The Cloud Run service agent also needs secret access (granted automatically during deploy if you run the deploy command below):

# Cloud Run service agent format: service-PROJECT_NUMBER@serverless-robot-prod.iam.gserviceaccount.com
# Project number for alanblount-demo: 462816930018
gcloud secrets add-iam-policy-binding RELAY_ADMIN_KEY \
  --project=alanblount-demo \
  --member=serviceAccount:service-462816930018@serverless-robot-prod.iam.gserviceaccount.com \
  --role=roles/secretmanager.secretAccessor

APIs to Enable

gcloud services enable \
  run.googleapis.com \
  cloudbuild.googleapis.com \
  secretmanager.googleapis.com \
  artifactregistry.googleapis.com \
  --project=alanblount-demo

Artifact Registry Repo

gcloud artifacts repositories create a2a-relay \
  --repository-format=docker \
  --location=us-central1 \
  --project=alanblount-demo

Secret Manager

# Create the admin key secret (store a strong random value)
echo -n "your-strong-admin-key-here" | \
  gcloud secrets create RELAY_ADMIN_KEY \
    --data-file=- \
    --project=alanblount-demo

Build & Deploy

Local Auth Setup

# Copy SA key to node-readable path and activate
cp /secrets/credentials/alanblount-demo-bf573405ac1f.json \
   /home/node/.config/gcloud/alanblount-demo-sa.json

gcloud auth activate-service-account \
  --key-file=/home/node/.config/gcloud/alanblount-demo-sa.json

gcloud config set project alanblount-demo

Build Image

cd /shared/workspace/open-source/a2a-relay

gcloud builds submit \
  --project=alanblount-demo \
  --tag=us-central1-docker.pkg.dev/alanblount-demo/a2a-relay/relay:latest \
  --suppress-logs

Build takes ~3–5 minutes. Image is ~340MB (Python 3.11-slim + sklearn).

Deploy to Cloud Run

gcloud run deploy a2a-relay \
  --project=alanblount-demo \
  --region=us-central1 \
  --image=us-central1-docker.pkg.dev/alanblount-demo/a2a-relay/relay:latest \
  --platform=managed \
  --allow-unauthenticated \
  --set-secrets=RELAY_ADMIN_KEY=RELAY_ADMIN_KEY:latest \
  --set-env-vars=RELAY_DB_PATH=/tmp/relay.db,RELAY_LOG_LEVEL=INFO \
  --memory=512Mi \
  --cpu=1 \
  --min-instances=0 \
  --max-instances=3 \
  --port=8080

Note: Cloud Run injects PORT=8080 automatically. The Dockerfile CMD uses ${PORT:-8080} but in practice Cloud Run always sets PORT. The CMD in Dockerfile is:

CMD ["uvicorn", "relay.main:app", "--host", "0.0.0.0", "--port", "8080"]

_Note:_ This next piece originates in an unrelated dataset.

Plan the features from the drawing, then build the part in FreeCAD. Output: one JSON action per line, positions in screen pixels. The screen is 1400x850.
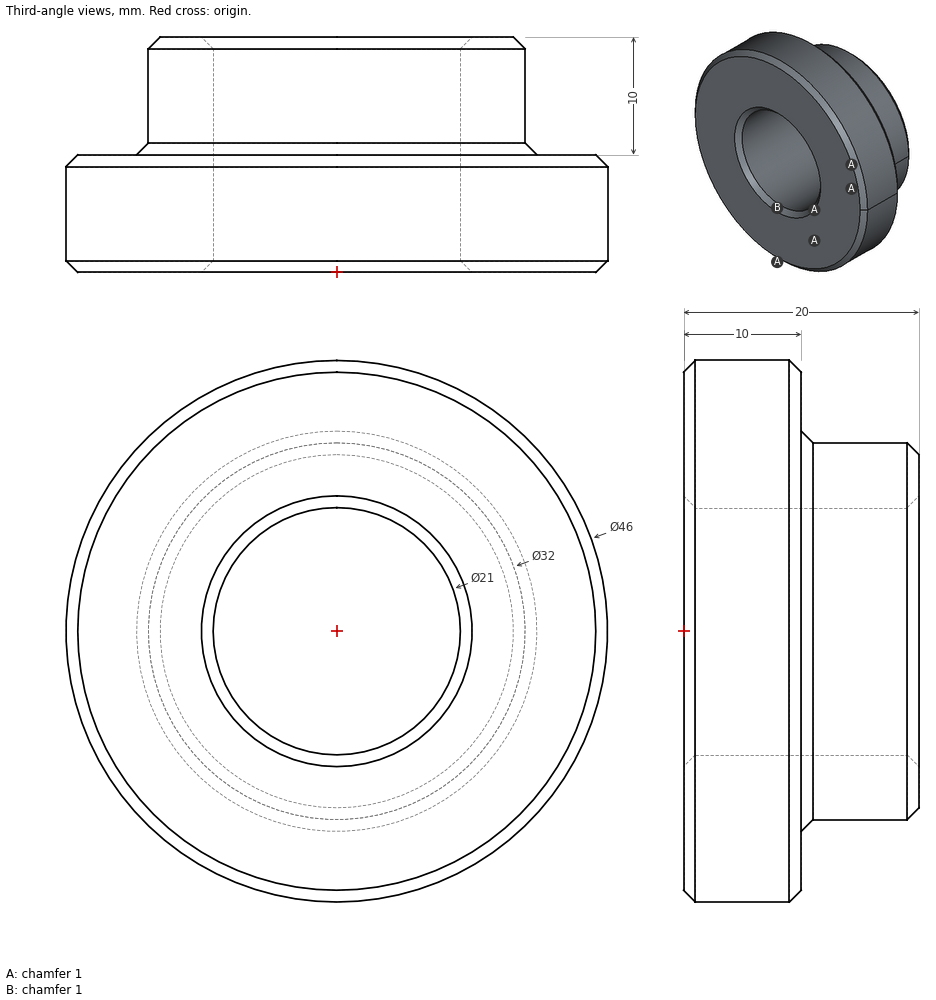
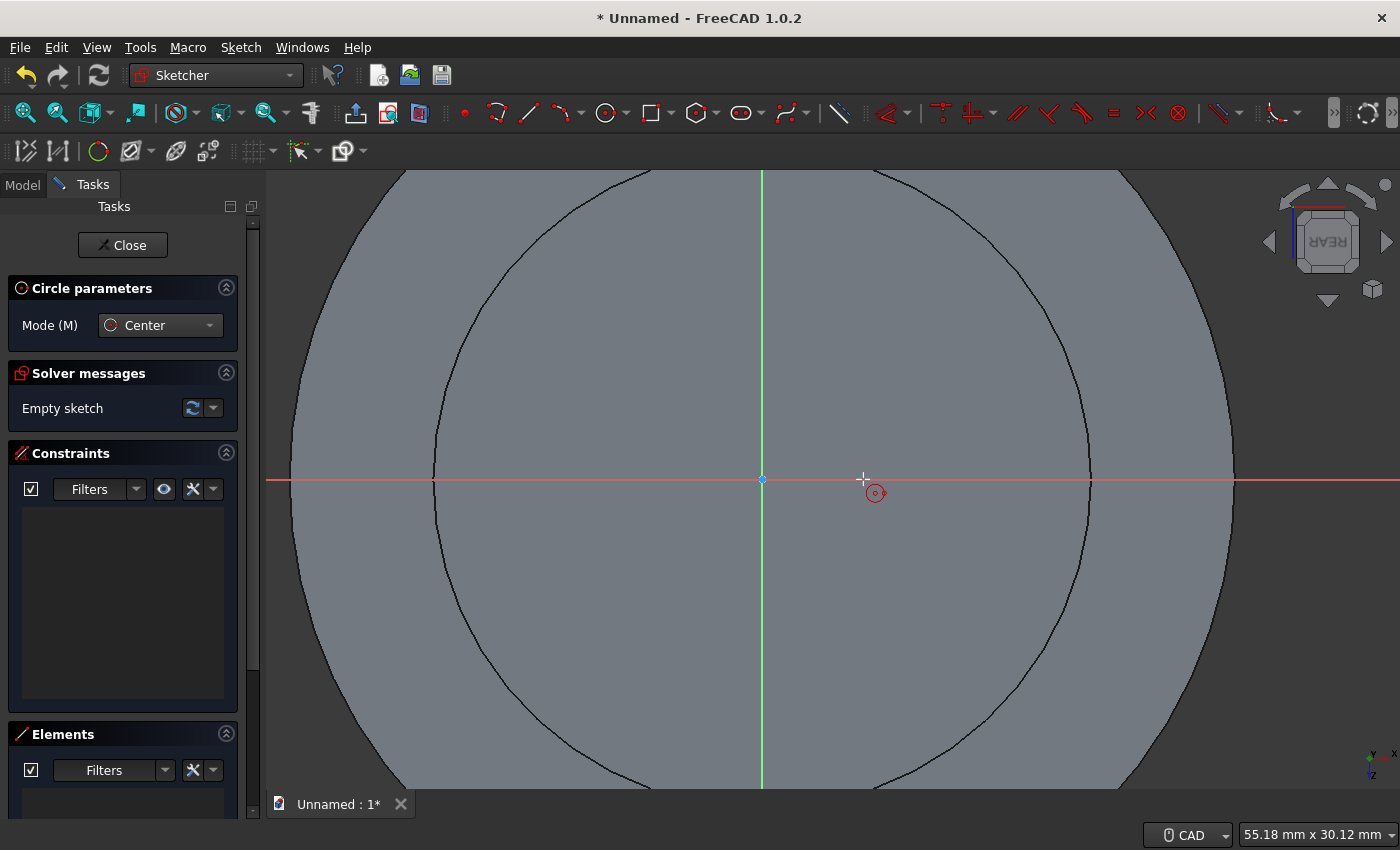
{"action": "left_click", "coordinate": [762, 479]}
{"action": "left_click", "coordinate": [915, 327]}
{"action": "key", "text": "Escape"}

(Hardcoded to 8080 — Cloud Run always uses 8080 anyway.)

Verify Health

curl https://a2a-relay-462816930018.us-central1.run.app/health
# Expected: {"status": "ok", "agents": N, "messages": M}

Local Development

cd /shared/workspace/open-source/a2a-relay

# Install deps (uv required)
uv sync --extra dev

# Copy and edit env
cp .env.example .env
# Set RELAY_ADMIN_KEY in .env

# Start relay
uv run uvicorn relay.main:app --port 8765 --reload

# Or use the CLI
uv run python -m relay.cli --help

Running Tests

uv run pytest                    # all tests
uv run pytest -k test_mailbox    # specific module
uv run pytest -v --tb=short      # verbose

Test status: 129 passed, 1 skipped, 1 xfail (test_callback_delivery — callback push not yet implemented, documented as xfail).

Running the Demo

# Against local relay
uv run python demo/run_demo.py

# Against Cloud Run
uv run python demo/run_demo.py \
  --relay-url https://a2a-relay-462816930018.us-central1.run.app \
  --admin-key $RELAY_ADMIN_KEY

Demo scenarios:

  1. Echo agent round-trip — register, send, poll, verify echo
  2. Counter agent state — send multiple increments, verify count
  3. Multi-agent routing — two agents exchange messages via relay
  4. Concurrent delivery — parallel sends, verify all delivered

Architecture Notes

See ARCHITECTURE.md for full design.

Key decisions:

Dockerfile Pitfall (RESOLVED)

python -m relay.main exits immediately — Python’s -m flag doesn’t trigger if __name__ == "__main__" blocks in the same way when there’s no __main__.py. Always use:

CMD ["uvicorn", "relay.main:app", "--host", "0.0.0.0", "--port", "8080"]

Cloud Run Env Var Pitfall

${PORT:-8080} shell expansion does not work in Dockerfile CMD ["exec", "form"] (JSON array). Use a shell form or hardcode the port:

# ❌ Does NOT expand PORT in exec form
CMD ["uvicorn", "relay.main:app", "--port", "${PORT:-8080}"]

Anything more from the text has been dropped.